Suppose $\pi\colon P \to M$ is a fibre bundle with a (smooth) free and proper Lie group right action $\triangleleft\colon P \times G \to P$ of $G$ on $P$ such that $\triangleleft$ preserves the fibres of $\pi\colon P \to M$. Is it possible that there exists a bundle isomorphism $\varphi\colon P \to P$ along $f\colon M \to P/{\triangleleft G}$ while there does not exist a diffeomorphism $\tilde f\colon M \to P/{\triangleleft G}$ such that $\mathrm{id}_P\colon P \to P$ is a bundle isomorphism along $\tilde f$?

Example: (smooth) free and proper $U(1)$-action on two disjoint cylinders as total space

Consider the following example. The total space $P$ shall be given as the disjoint union of two cyliners with the base space $M = (-1,1)$ being an open interval. Suppose we have a fibre-preserving, free and proper right-action of $U(1)$ on the total space. Then the orbit space $P/{\triangleleft G}$ has 2 connected components while the base space $M$ is connected. Therefore no bundle isomorphism between $\rho\colon P \to P/{\triangleleft G}$ and $\pi\colon P \to M$ can exist. Refer to the sketch below: Does this argument hold true in the general case as well, stating that there cannot exist a bundle isomorphism whatsoever, if at least one fibre is given as the disjoint union of at least two orbits?

Answer 1

I think your intuition is valid. I believe you can define an inverse of your function $f:M\to P/{\triangleleft G}$ as follows: define $h:P/{\triangleleft G}\to M$ by $h(a\triangleleft G) := \pi(\varphi^{-1}(a))$. $h$ is well-defined since the group action preserves fibres of $\pi:P\to M$, as does $\varphi^{-1}$. It is smooth, since locally it can be written as $h\vert_U = \pi\circ\varphi^{-1}\circ s$, where $s:U\to P$ is some local section of $\rho:P\to P/{\triangleleft G}$. It can be checked that $f\circ h = \mathrm{id}_{P/{\triangleleft G}}$ and $h\circ f =\mathrm{id}_M$. So $f$ is a diffeomorphism.
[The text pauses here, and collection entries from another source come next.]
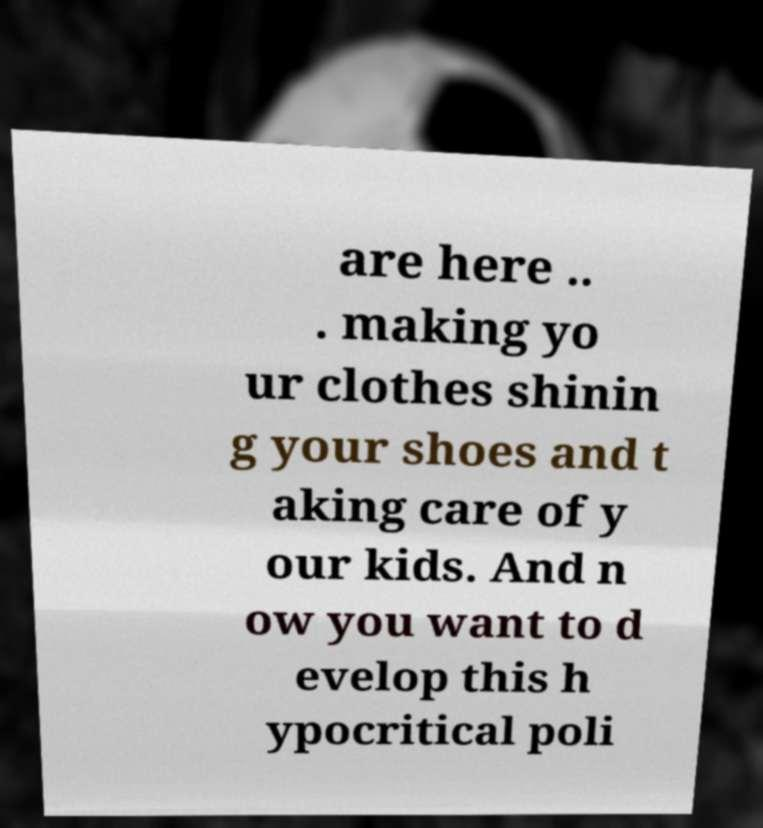Could you extract and type out the text from this image? are here .. . making yo ur clothes shinin g your shoes and t aking care of y our kids. And n ow you want to d evelop this h ypocritical poli 
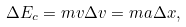Convert formula to latex. <formula><loc_0><loc_0><loc_500><loc_500>\Delta E _ { c } = m v \Delta v = m a \Delta x ,</formula> 
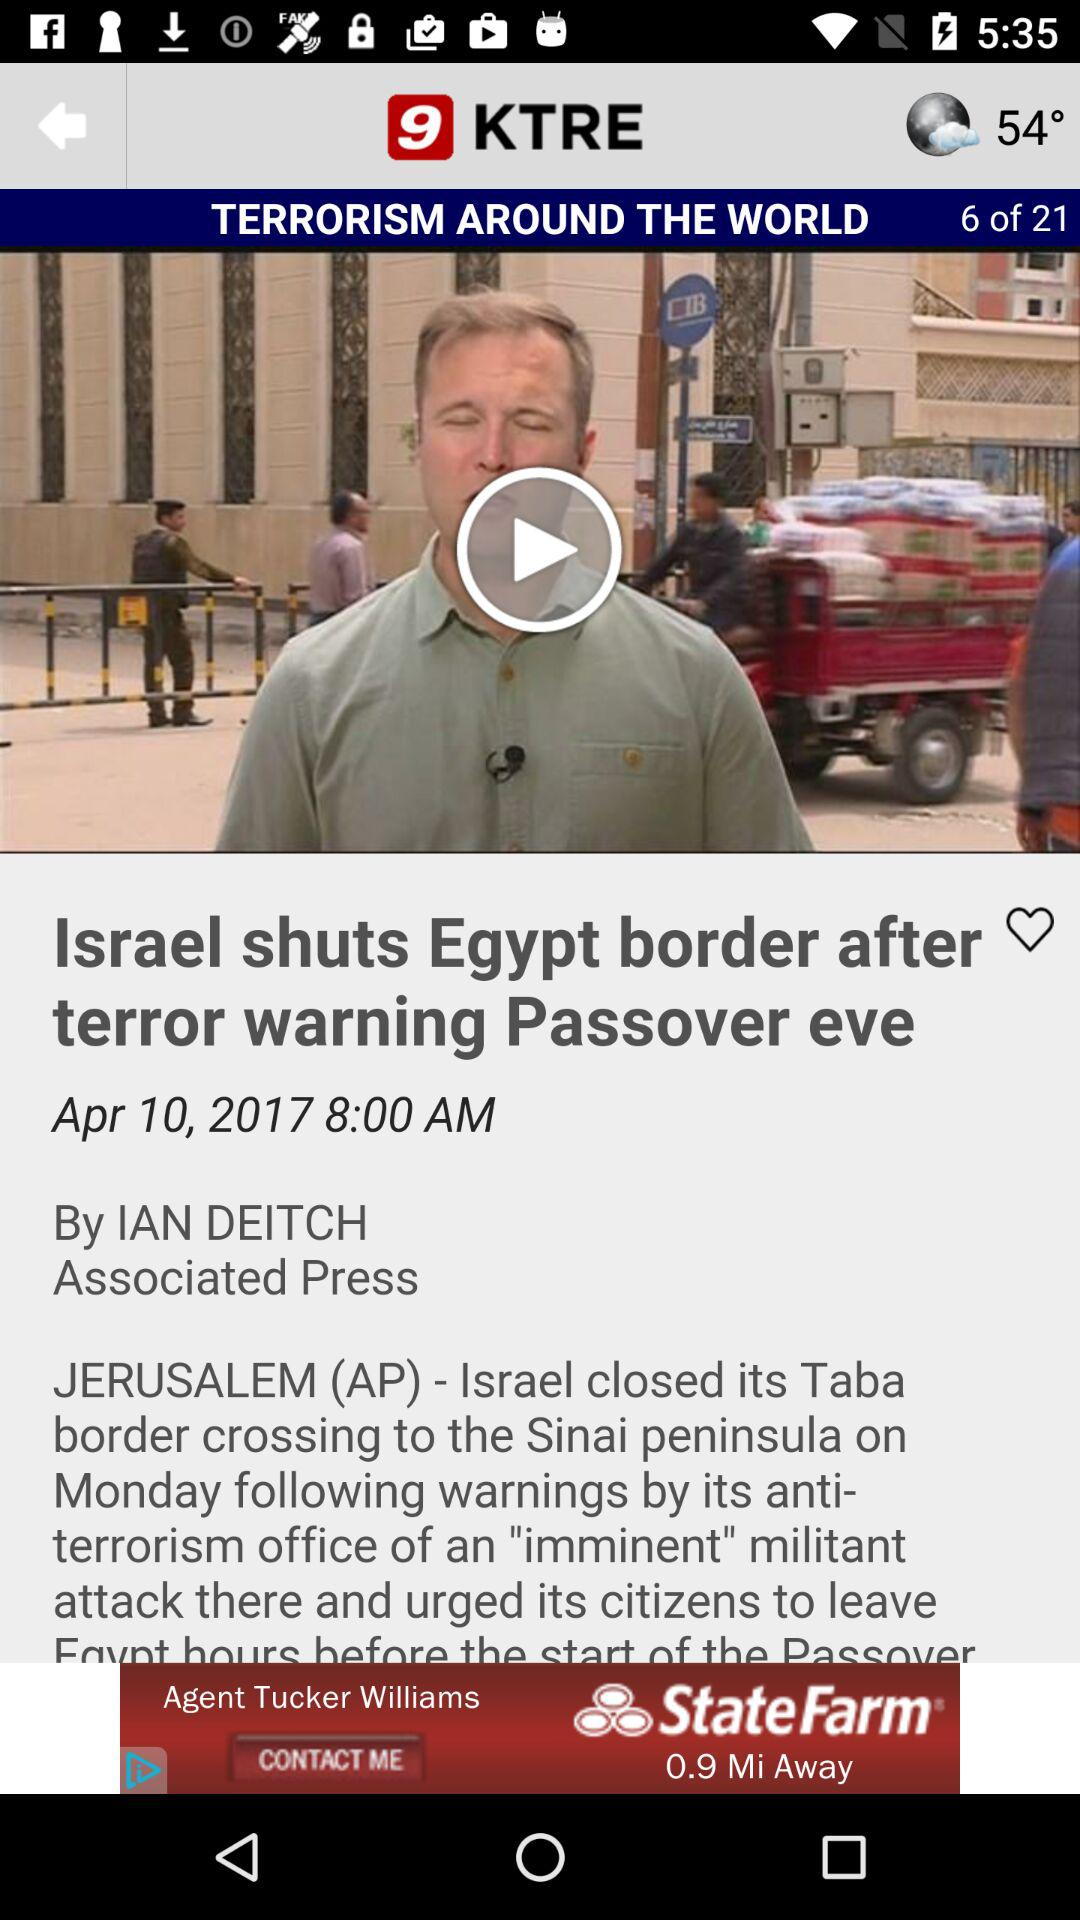What is the posted date? The posted date is April 10, 2017. 
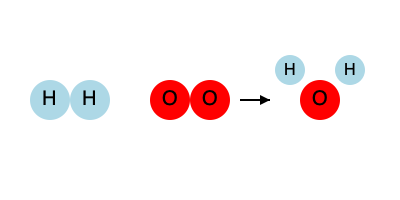Balance the following chemical equation for the formation of water, given the molecule diagrams:

$\text{H}_2 + \text{O}_2 \rightarrow \text{H}_2\text{O}$

How many molecules of $\text{H}_2\text{O}$ are produced in the balanced equation? To balance this equation, we need to follow these steps:

1. Count the atoms on each side of the equation:
   - Left side: 2 H atoms, 2 O atoms
   - Right side: 2 H atoms, 1 O atom

2. The O atoms are not balanced. We need 2 O atoms on the right side.
   To achieve this, we multiply $\text{H}_2\text{O}$ by 2:
   
   $\text{H}_2 + \text{O}_2 \rightarrow 2\text{H}_2\text{O}$

3. Now we have:
   - Left side: 2 H atoms, 2 O atoms
   - Right side: 4 H atoms, 2 O atoms

4. The H atoms are not balanced. We need 4 H atoms on the left side.
   To achieve this, we multiply $\text{H}_2$ by 2:
   
   $2\text{H}_2 + \text{O}_2 \rightarrow 2\text{H}_2\text{O}$

5. Final atom count:
   - Left side: 4 H atoms, 2 O atoms
   - Right side: 4 H atoms, 2 O atoms

The equation is now balanced. We can see that 2 molecules of $\text{H}_2\text{O}$ are produced in the balanced equation.
Answer: 2 
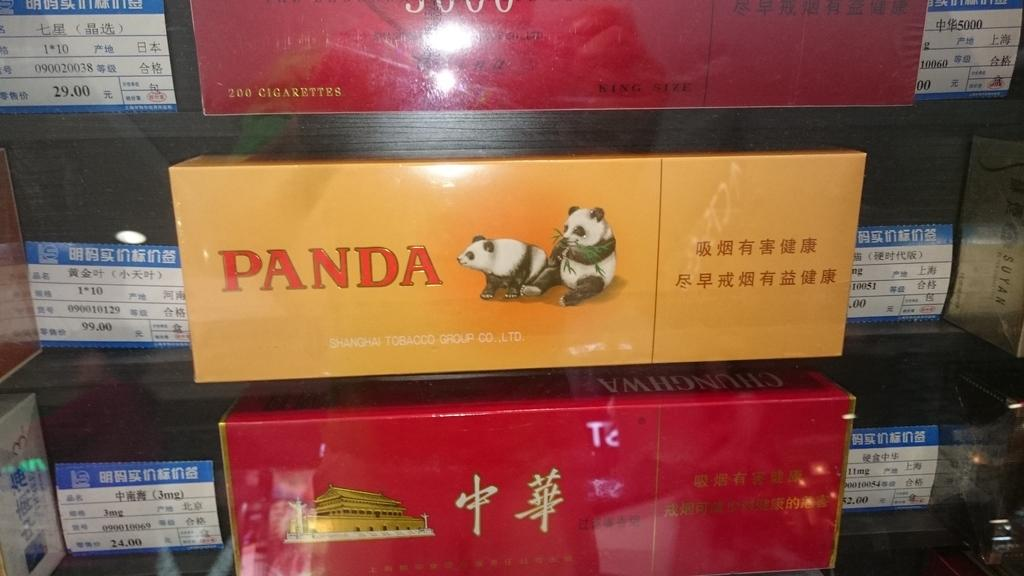What objects are present in the image? There are boxes in the image. Can you describe the appearance of the boxes? The boxes have different colors. Is there any text or symbols on the boxes? Yes, there is writing on the boxes. What type of mountain can be seen in the background of the image? There is no mountain present in the image; it only features boxes with different colors and writing on them.

Edit: if I'm understanding the example in your edit correctly, it seems to me that $P/{\triangleleft G}$ would consist of two copies of $(-1,1)$ (one for each cylinder). You say this, but it's not reflected in your picture. Then I'm not sure what you mean by "a bundle isomorphism between $\rho:P\to P/{\triangleleft G}$ and $\pi:P\to M$" in this context, since a bundle isomorphism of principal bundles will only exist if the fibres are isomorphic, which is not true in your case. Unless your definition of principal bundle isomorphism is different to mine?

Edit 2: we have by assumption \begin{CD} P @>{\varphi}>> P \\ @VV{\pi}V @VV{\rho}V\\ M @>{f}>>P/{\triangleleft G} \end{CD} Assuming you accept the fact that $f$ has an inverse $h = f^{-1}$ (I'm still not clear whether you do), $f$ is a diffeomorphism. Since $\varphi$ is a bundle isomorphism, we also have \begin{CD} P @>{\varphi}>> P \\ @VV{\pi}V @VV{\pi}V\\ M @>{\check{\varphi}}>>M \end{CD} for some diffeomorphism $\check{\varphi}$. Combining these two diagrams gives \begin{CD} P @>{\mathrm{id}_P}>> P \\ @VV{\pi}V @VV{\rho}V\\ M @>{f\circ\check{\varphi}^{-1}}>>P/{\triangleleft G} \end{CD} and $f\circ\check{\varphi}^{-1}$ is a diffeomorphism. So it acts as your searched for $\tilde{f}$.